2. PHI prohibition for unapproved tools. State clearly that entering any PHI into a non-approved AI tool (including ChatGPT, Google Gemini, Claude, and similar general-purpose tools) is prohibited and constitutes a potential HIPAA violation.

3. Incident reporting. Define what staff should do if they realize they have accidentally entered PHI into a non-compliant tool. Having a reporting process reduces the time between the incident and your required breach response.

4. Training cadence. Commit to annual or semi-annual AI compliance training that keeps pace with how quickly these tools are evolving.

5. Vendor review process. Establish that any new AI tool must be reviewed and approved before use, not after a staff member has already been using it for weeks.

For deeper guidance on protecting client data in AI-assisted workflows, see our related post on Private AI for Mental Health: What "Encrypted Memory" Should Mean.

Performing a Risk Assessment for AI Integration

HIPAA's Security Rule requires covered entities to conduct periodic risk assessments. When you add AI tools to your clinical or administrative workflow, that is a material change to your information environment and warrants a specific review.

Your AI risk assessment should document:

Which tools are in use, including free, informal tools staff may be using without formal approval
What data each tool touches, distinguishing between PHI, administrative data, and purely internal content
What safeguards are in place for each tool, including whether a BAA exists
What the residual risk is after safeguards, and whether it is acceptable
What your mitigation plan is for tools or gaps that represent unacceptable risk

This process does not need to be elaborate for a solo or small-group practice.
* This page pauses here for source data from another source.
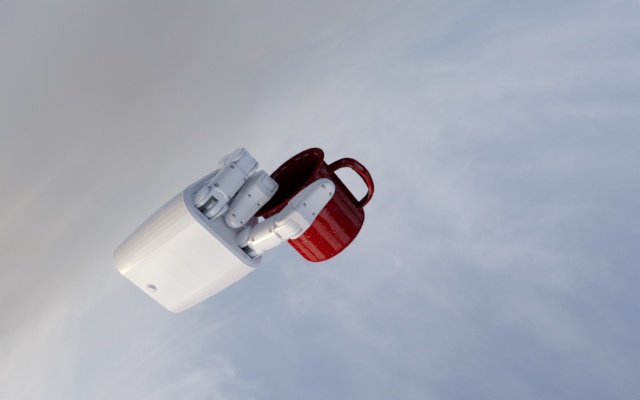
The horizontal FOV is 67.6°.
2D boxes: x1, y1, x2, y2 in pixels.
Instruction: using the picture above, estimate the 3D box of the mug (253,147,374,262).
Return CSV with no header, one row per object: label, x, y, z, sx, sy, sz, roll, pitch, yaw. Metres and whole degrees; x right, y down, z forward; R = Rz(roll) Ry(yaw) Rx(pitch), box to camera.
mug,0.001,0.001,0.475,0.117,0.081,0.093,-32,26,21
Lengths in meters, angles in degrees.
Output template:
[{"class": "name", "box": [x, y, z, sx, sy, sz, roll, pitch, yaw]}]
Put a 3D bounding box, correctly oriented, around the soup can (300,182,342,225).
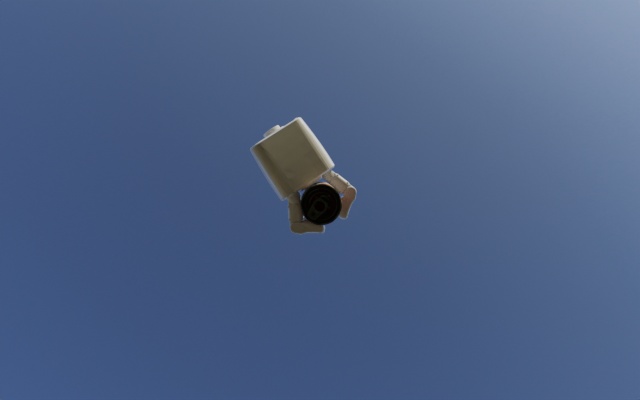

A documented two-page review updated annually is far better than nothing, and it demonstrates the "good faith" posture that regulators consider in enforcement decisions.

The Bottom Line

ChatGPT is a powerful tool. It is not a HIPAA-compliant tool for clinical use without significant enterprise procurement and legal due diligence that most private practices have not completed. The default position — using ChatGPT through a standard account to draft session notes or summarize client information — is a HIPAA violation, regardless of whether any actual harm results.

The solution is not to avoid AI. AI tools built specifically for mental health practice can save therapists hours per week on documentation, intake, scheduling, and reporting. The solution is to use the right tools.

For clinical documentation: PsyFiGPT
For intake, scheduling, and client-facing AI: PsyFi Assist
For clinical reporting and practice analytics: PsyFi Reports

Your clients trust you with their most sensitive experiences. The technology infrastructure supporting that relationship should reflect the same level of care.

This post is for informational purposes only and does not constitute legal advice. Consult a healthcare attorney for guidance specific to your practice's compliance obligations.